The trouble with those 2 is you need to install them on your web server or another server if it's Memcached.
APC
Pros:
Simple
Fast
Speeds up PHP execution also
Cons
Doesn't work for distributed systems, each machine stores its cache locally
Memcached
Pros:
Fast(ish)
Can be installed on a separate server for all web servers to use
Highly tested, developed at LiveJournal
Used by all the big guys (Facebook, Yahoo, Mozilla)
Cons:
Slower than APC
Possible network latency
Slightly more configuration
I wouldn't recommend writing your own, there are plenty out there. You could go with a disk-based cache if you can't install software on your webserver, but there are possible race issues to deal with. One request could be writing to the file while another is reading.
You actually could cache search queries, even for a few seconds to a minute. Unless your db is being updated more than a few times a second, some delay would be ok.
The PHP Smarty template engine (http://www.smarty.net) includes a fairly advanced caching system.
You can find details in the caching section of the Smarty manual: http://www.smarty.net/manual/en/caching.php
You seems to be looking for a PHP cache framework.
I recommend you the template system TinyButStrong that comes with a very good CacheSystem plugin.
It's simple, light, customizable (you can cache whatever part of the html file you want), very powerful ^^
Simple caching of pages, or parts of pages - the Pear::CacheLite class.
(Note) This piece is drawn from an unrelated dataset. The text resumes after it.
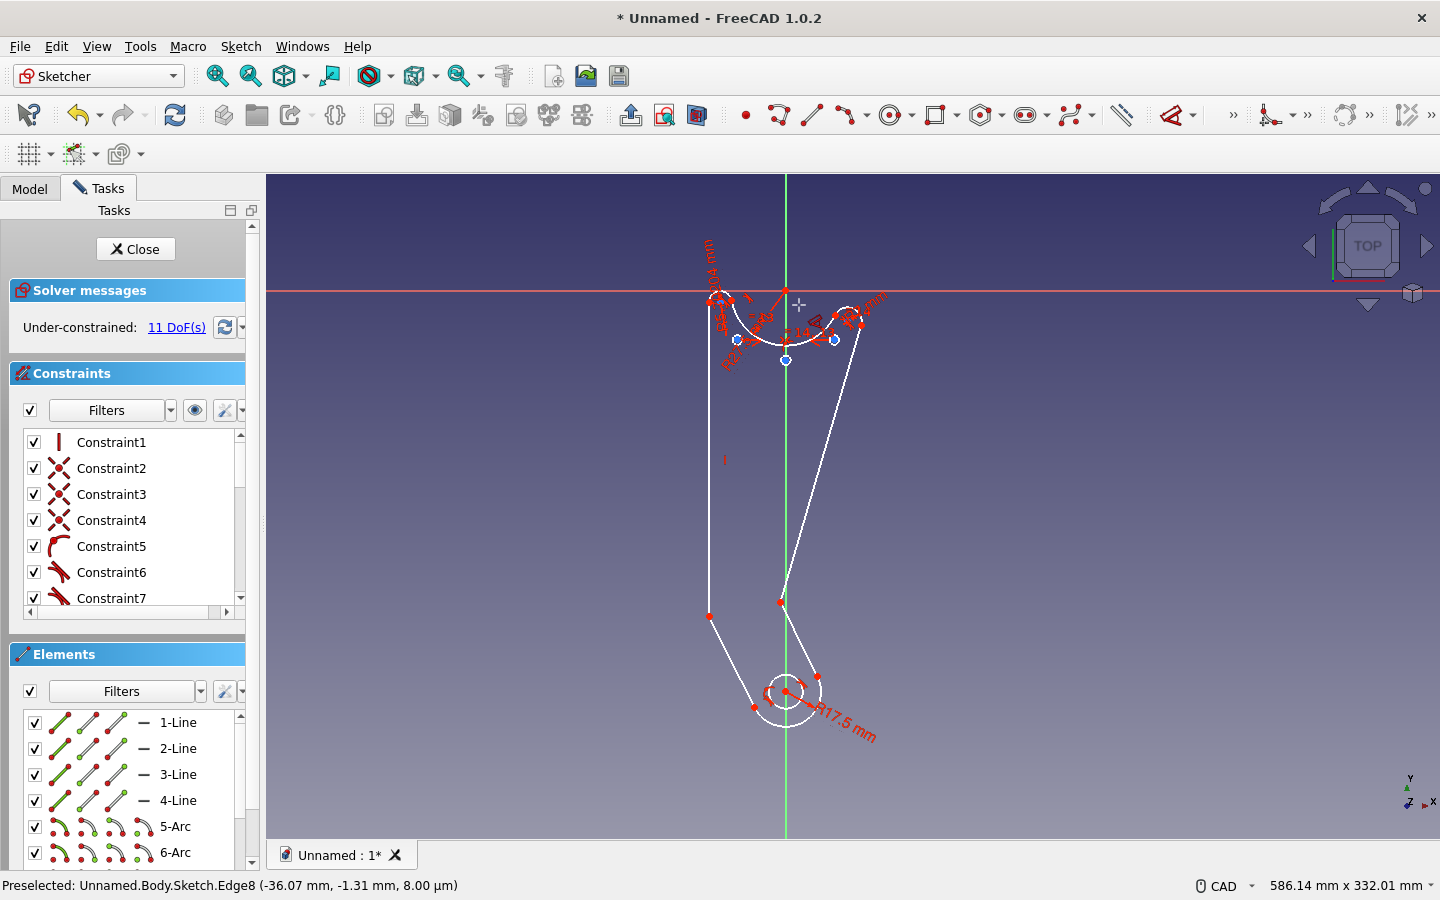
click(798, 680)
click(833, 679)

I also use APC and memcache for different things, but the other answers I've seen so far are more for more complete, and complex systems. If you just need to save some effort rebuilding a part of a page - Cache_lite with a file-backed store is entirely sufficient, and very simple to implement.
Project Gazelle (an open source torrent site) provides a step by step guide on setting up Memcached on the site which you can easily use on any other website you might want to set up which will handle a lot of traffic.
Grab down the source and read the documentation.